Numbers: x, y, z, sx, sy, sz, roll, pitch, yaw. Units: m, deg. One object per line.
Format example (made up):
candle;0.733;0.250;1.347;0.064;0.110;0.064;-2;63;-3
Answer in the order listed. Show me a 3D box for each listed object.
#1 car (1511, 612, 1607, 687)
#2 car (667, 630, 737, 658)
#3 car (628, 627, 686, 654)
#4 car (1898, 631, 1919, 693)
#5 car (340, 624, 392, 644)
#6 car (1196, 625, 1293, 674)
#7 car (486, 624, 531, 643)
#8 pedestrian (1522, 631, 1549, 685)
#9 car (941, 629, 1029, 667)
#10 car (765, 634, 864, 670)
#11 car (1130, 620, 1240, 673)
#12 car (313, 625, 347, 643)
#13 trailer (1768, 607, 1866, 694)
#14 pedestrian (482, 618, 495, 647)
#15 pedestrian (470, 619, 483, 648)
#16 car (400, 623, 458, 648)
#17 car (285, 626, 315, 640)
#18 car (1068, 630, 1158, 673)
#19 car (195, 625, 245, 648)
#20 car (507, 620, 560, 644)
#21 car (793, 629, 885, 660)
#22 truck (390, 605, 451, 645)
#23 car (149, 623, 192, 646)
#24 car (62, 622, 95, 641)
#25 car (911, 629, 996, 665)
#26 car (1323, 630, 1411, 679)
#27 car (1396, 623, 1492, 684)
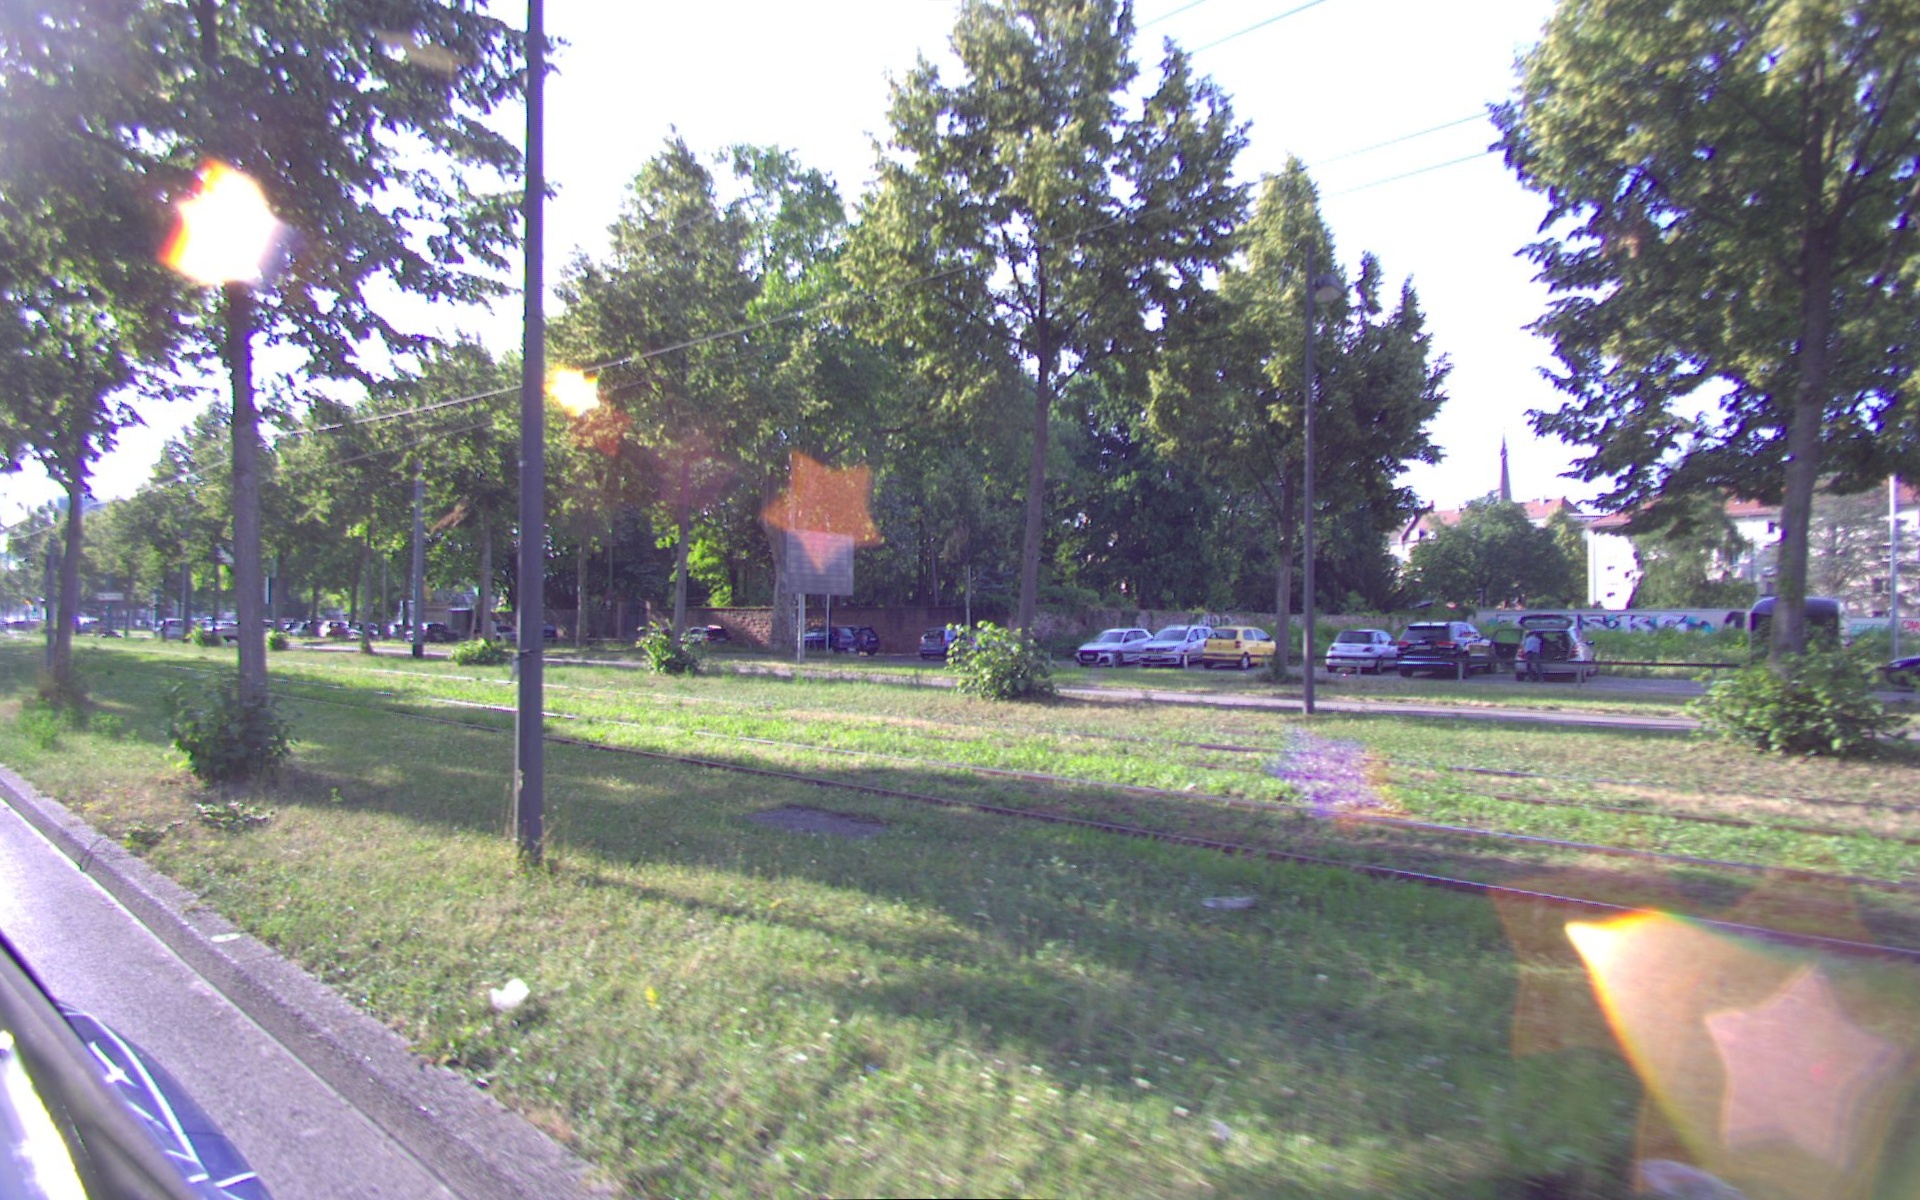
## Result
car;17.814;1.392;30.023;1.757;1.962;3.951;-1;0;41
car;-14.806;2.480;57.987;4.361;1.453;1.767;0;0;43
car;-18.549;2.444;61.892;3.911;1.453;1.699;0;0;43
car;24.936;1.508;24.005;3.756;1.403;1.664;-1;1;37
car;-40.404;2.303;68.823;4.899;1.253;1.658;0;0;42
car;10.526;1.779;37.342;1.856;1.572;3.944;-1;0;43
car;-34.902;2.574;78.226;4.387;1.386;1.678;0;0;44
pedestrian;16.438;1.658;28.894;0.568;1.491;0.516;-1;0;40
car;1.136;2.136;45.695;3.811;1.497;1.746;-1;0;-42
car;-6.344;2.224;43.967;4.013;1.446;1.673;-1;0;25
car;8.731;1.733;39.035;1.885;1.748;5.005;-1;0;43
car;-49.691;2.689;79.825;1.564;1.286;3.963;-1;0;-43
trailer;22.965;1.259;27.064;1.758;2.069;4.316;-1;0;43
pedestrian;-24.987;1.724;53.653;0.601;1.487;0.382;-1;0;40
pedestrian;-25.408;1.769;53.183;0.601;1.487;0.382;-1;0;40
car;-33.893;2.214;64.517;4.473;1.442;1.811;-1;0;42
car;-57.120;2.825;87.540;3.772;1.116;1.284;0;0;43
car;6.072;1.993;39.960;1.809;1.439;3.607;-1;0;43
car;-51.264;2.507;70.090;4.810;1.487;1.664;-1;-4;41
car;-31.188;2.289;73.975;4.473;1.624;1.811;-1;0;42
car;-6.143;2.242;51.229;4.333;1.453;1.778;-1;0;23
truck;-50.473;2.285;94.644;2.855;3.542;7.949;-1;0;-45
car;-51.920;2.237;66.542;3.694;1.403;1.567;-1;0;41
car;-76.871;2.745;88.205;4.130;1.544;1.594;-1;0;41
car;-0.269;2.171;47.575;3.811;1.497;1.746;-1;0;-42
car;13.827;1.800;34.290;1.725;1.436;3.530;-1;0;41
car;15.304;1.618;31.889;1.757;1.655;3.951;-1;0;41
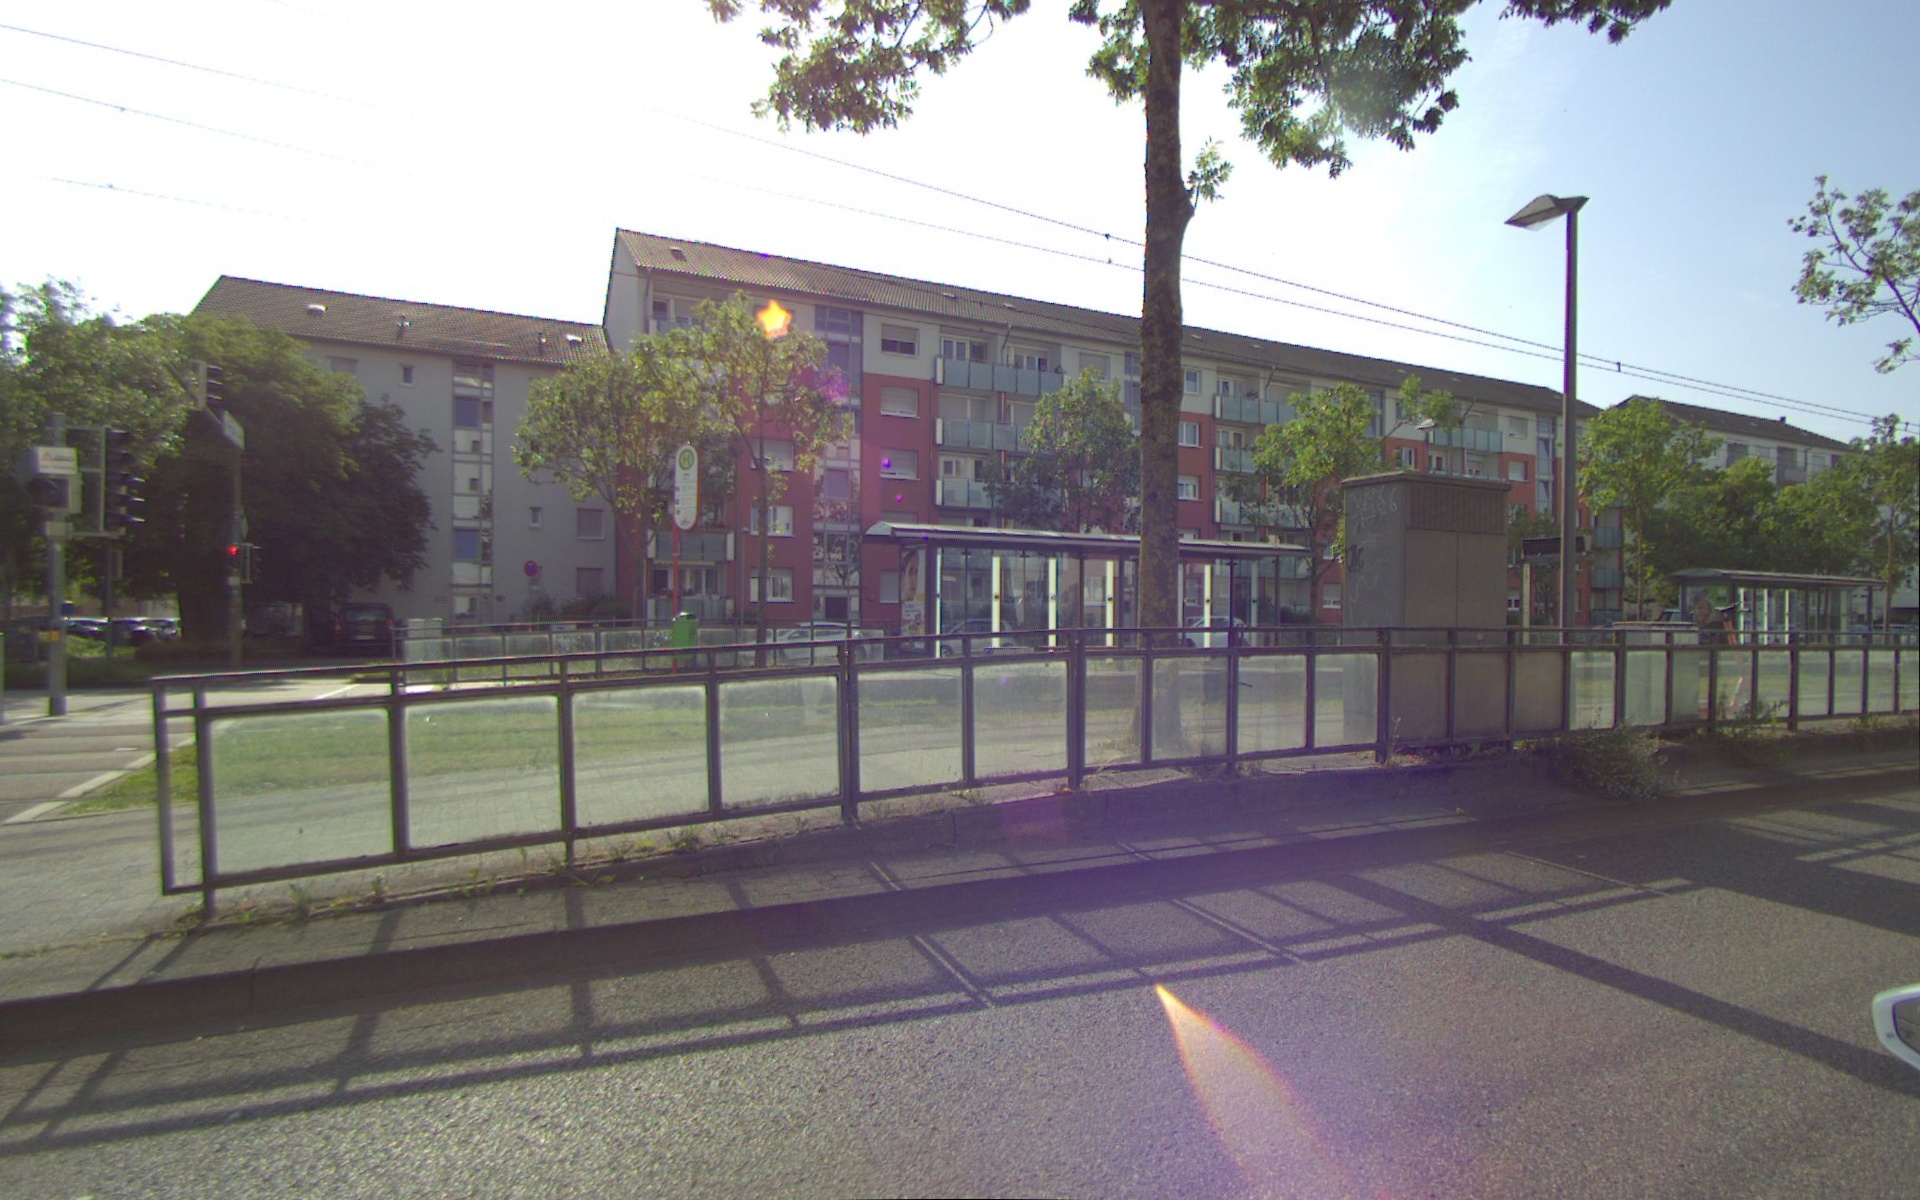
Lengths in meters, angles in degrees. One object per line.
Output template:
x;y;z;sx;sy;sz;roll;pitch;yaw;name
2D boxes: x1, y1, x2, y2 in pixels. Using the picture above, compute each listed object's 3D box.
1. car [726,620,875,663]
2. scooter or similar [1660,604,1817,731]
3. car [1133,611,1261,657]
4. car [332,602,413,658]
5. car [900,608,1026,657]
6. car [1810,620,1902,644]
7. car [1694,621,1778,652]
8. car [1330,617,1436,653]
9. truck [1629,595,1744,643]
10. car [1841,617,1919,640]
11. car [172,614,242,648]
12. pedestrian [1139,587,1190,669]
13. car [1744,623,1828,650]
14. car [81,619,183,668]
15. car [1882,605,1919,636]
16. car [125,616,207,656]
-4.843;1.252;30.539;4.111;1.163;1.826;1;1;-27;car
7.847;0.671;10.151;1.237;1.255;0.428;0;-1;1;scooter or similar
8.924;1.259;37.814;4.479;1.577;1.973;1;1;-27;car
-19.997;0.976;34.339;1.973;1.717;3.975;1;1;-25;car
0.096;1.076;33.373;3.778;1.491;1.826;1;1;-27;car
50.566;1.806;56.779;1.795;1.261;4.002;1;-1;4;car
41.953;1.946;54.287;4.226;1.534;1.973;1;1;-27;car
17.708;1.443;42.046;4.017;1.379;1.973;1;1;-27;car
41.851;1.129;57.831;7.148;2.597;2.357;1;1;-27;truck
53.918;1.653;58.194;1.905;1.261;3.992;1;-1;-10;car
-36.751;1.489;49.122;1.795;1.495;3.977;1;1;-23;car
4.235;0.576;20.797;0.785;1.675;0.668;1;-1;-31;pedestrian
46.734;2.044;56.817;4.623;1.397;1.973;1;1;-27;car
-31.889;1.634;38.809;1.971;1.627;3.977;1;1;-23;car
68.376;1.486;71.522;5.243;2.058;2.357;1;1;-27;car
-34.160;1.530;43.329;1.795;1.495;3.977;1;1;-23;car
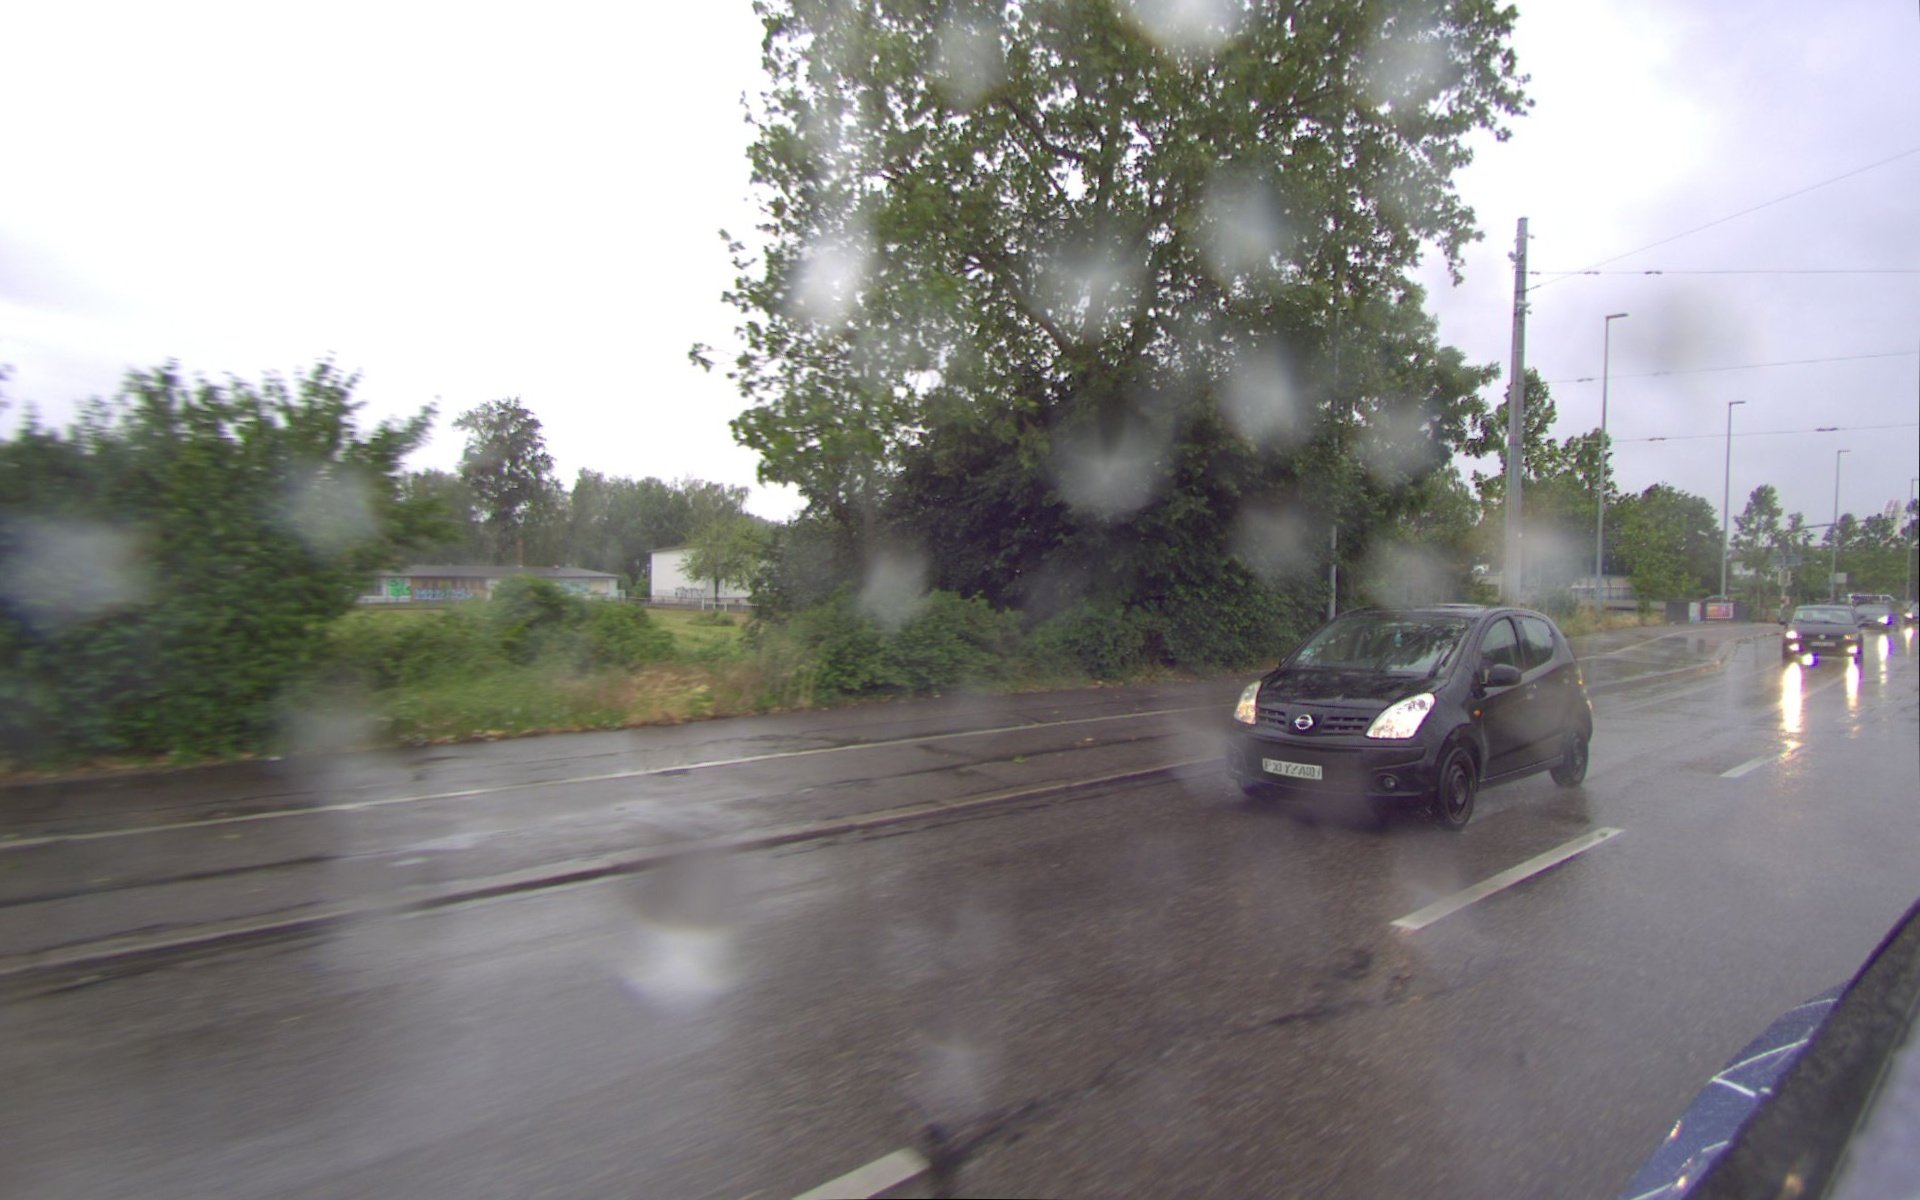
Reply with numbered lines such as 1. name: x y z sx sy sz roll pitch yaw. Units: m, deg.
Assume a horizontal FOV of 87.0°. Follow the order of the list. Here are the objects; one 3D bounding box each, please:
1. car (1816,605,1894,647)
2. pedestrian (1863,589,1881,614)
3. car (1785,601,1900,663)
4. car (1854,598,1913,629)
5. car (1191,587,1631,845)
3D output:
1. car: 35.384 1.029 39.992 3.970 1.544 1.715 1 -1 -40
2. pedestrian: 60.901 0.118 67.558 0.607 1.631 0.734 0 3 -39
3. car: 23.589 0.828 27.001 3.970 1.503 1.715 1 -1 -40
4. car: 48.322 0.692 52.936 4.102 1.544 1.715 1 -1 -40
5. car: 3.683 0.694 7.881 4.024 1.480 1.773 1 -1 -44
---
Nothing but a number should be given: the count of lines in the entries that contain the word "roll".

* [TASK ANSWER] 3